Write out the entries exactly. None of the pictures should appear in the copy.

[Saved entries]

—————

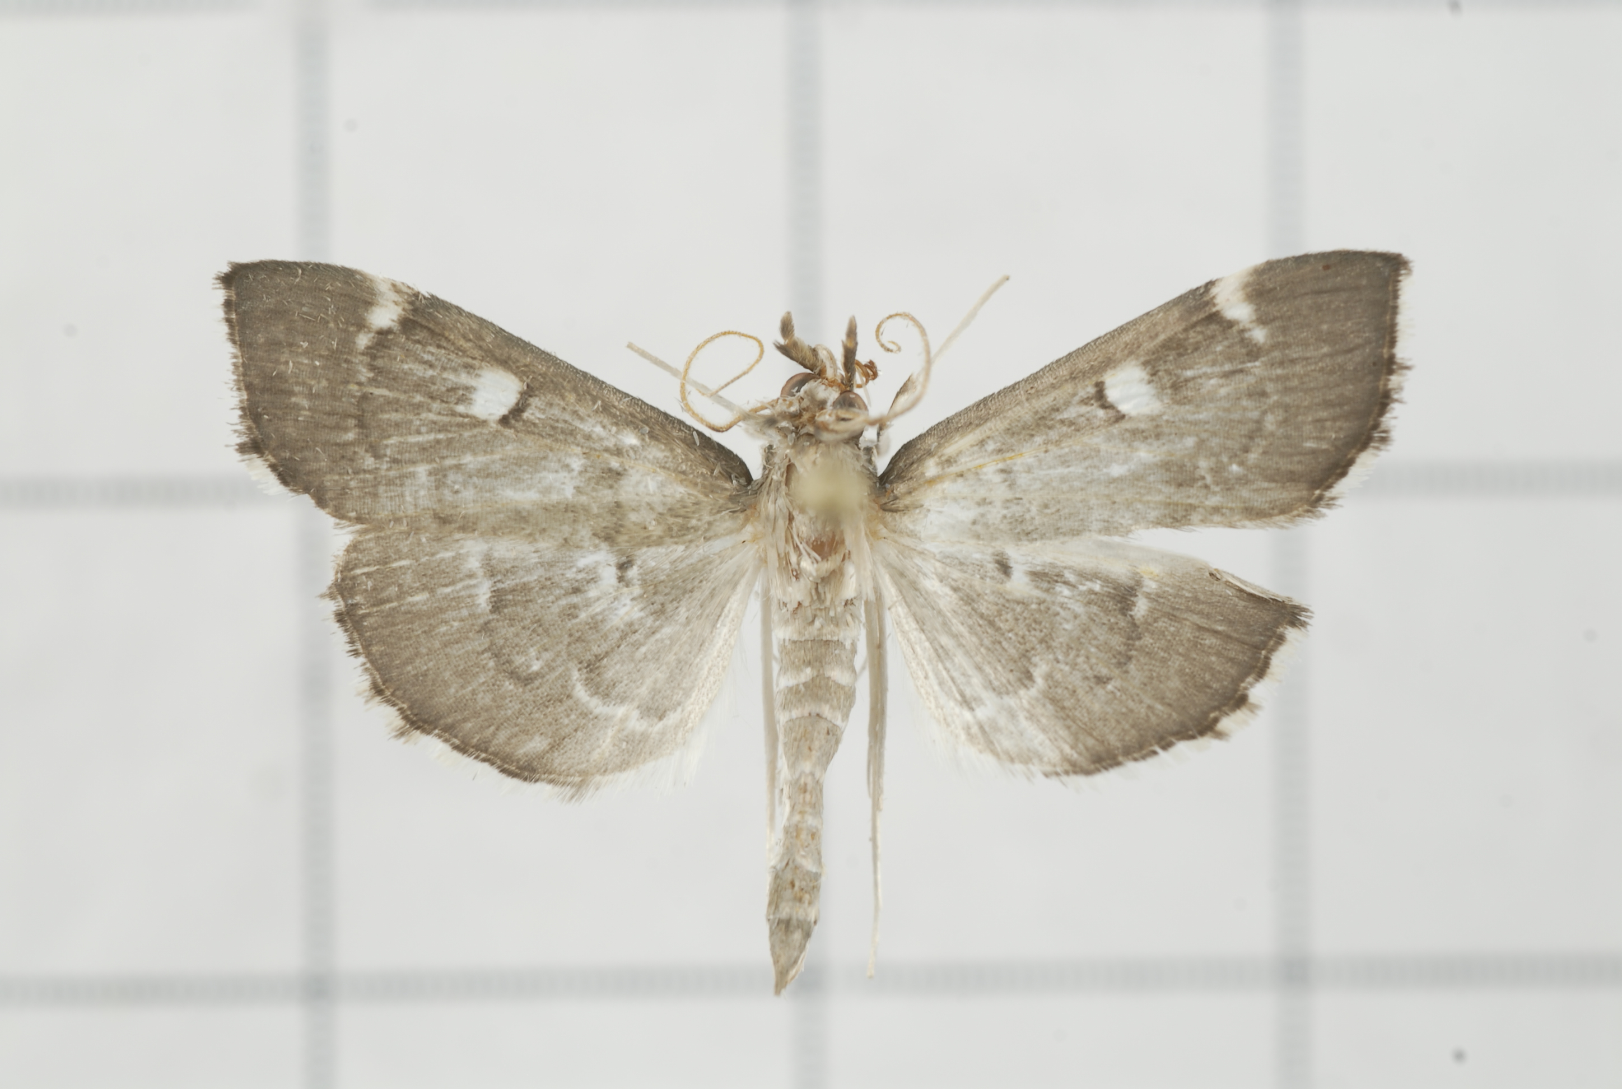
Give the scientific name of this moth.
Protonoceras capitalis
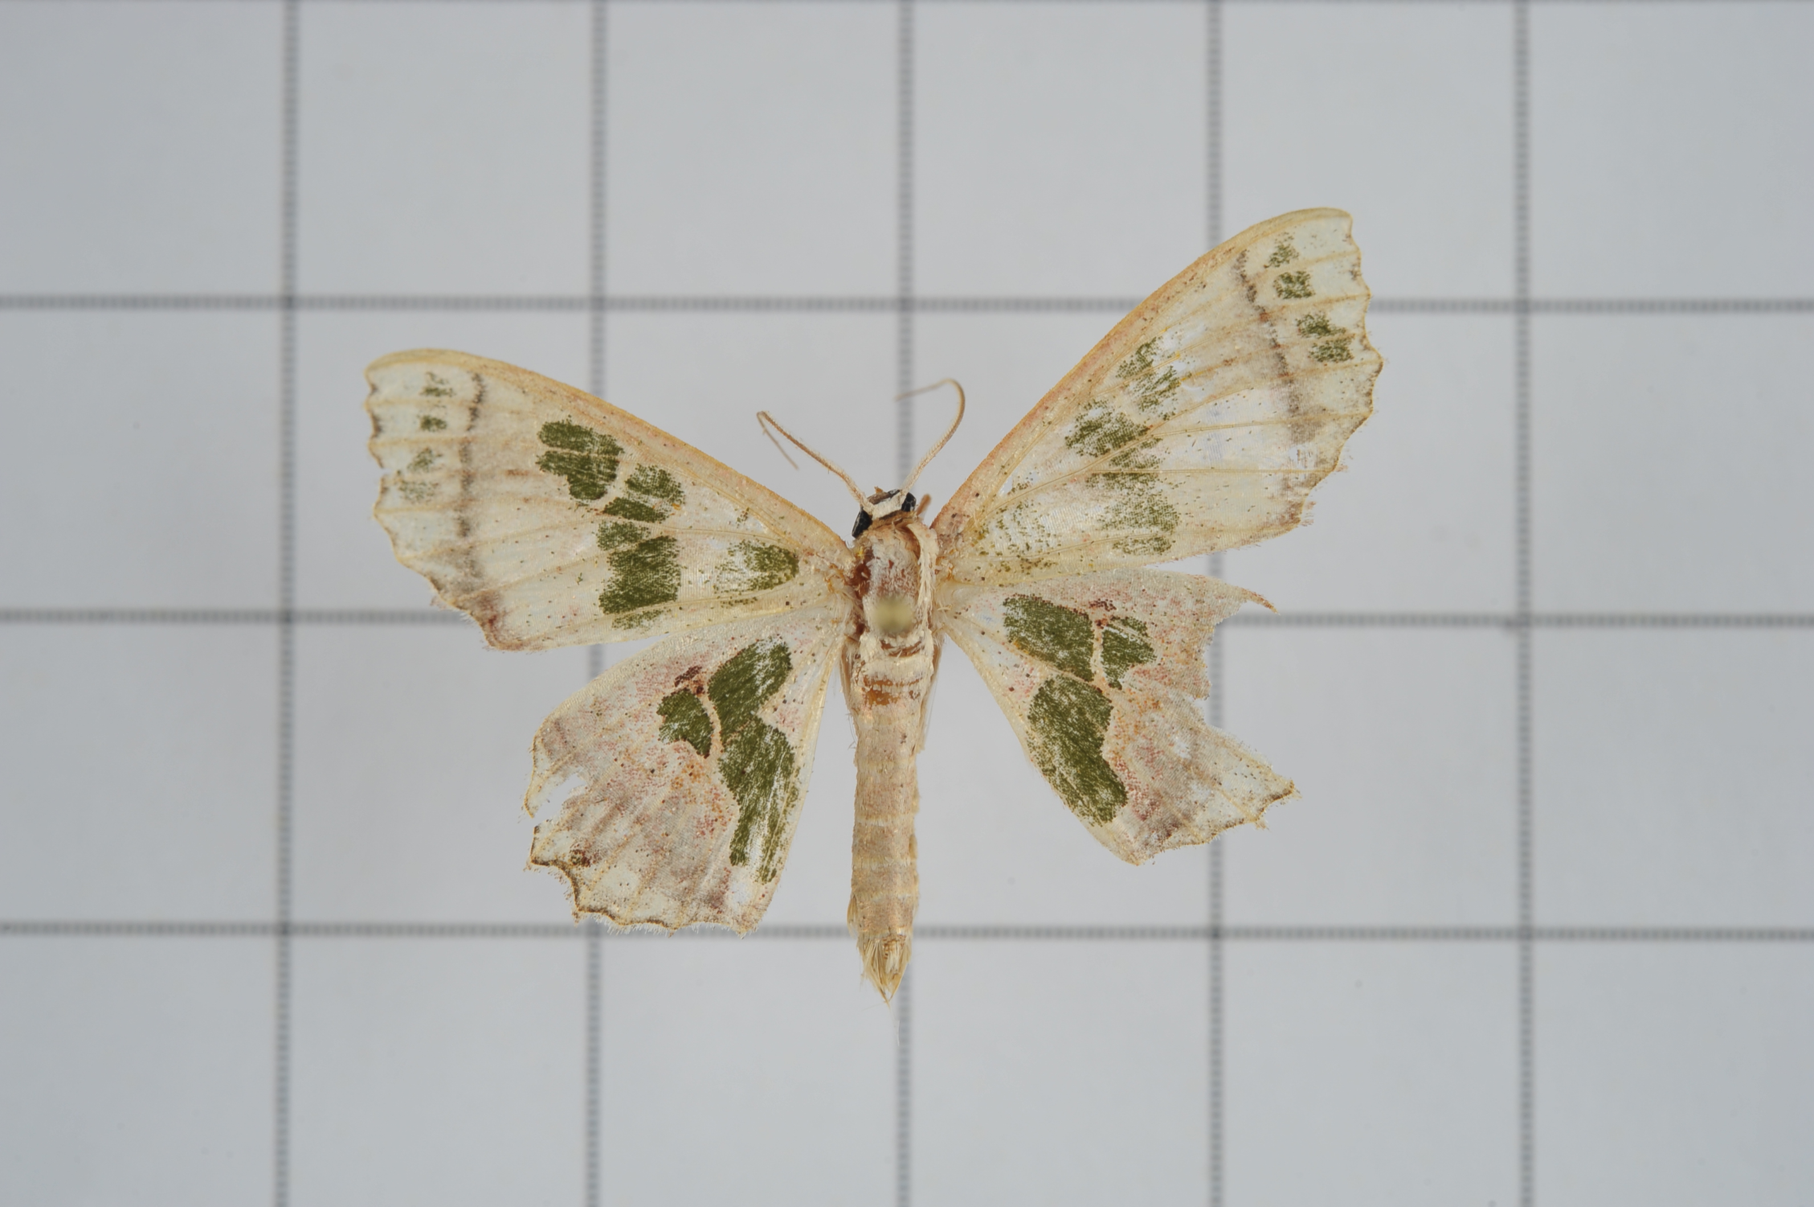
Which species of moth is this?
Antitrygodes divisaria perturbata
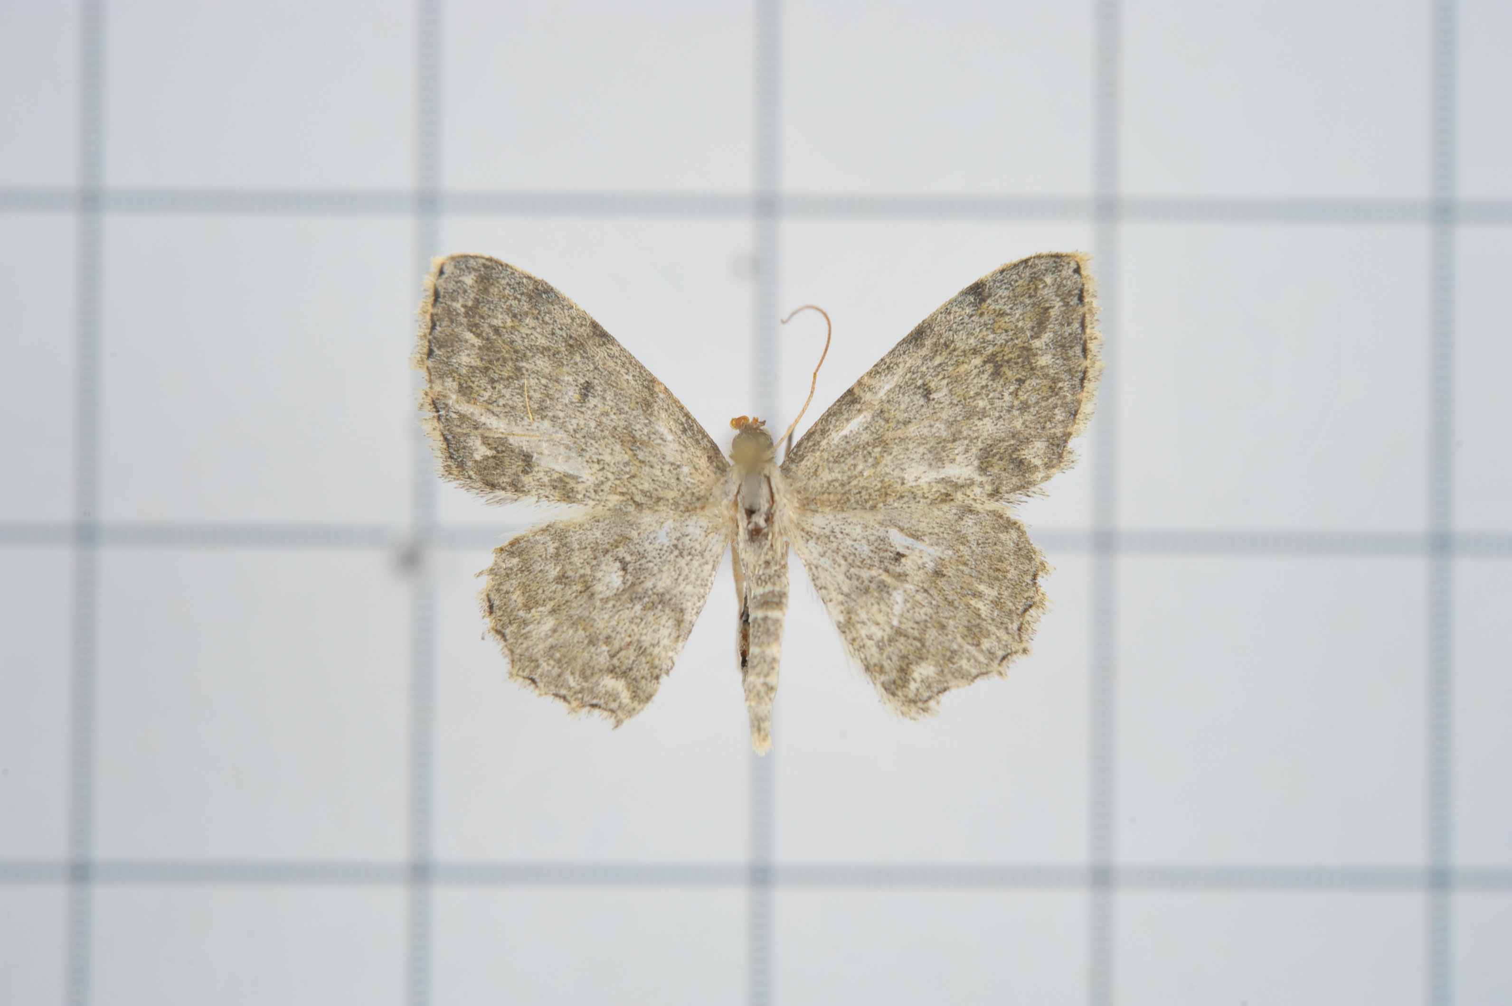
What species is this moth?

—————

[RESULT FOR THIS EXERCISE]:
Give the scientific name of this moth.
Protonoceras capitalis
Which species of moth is this?
Antitrygodes divisaria perturbata
What species is this moth?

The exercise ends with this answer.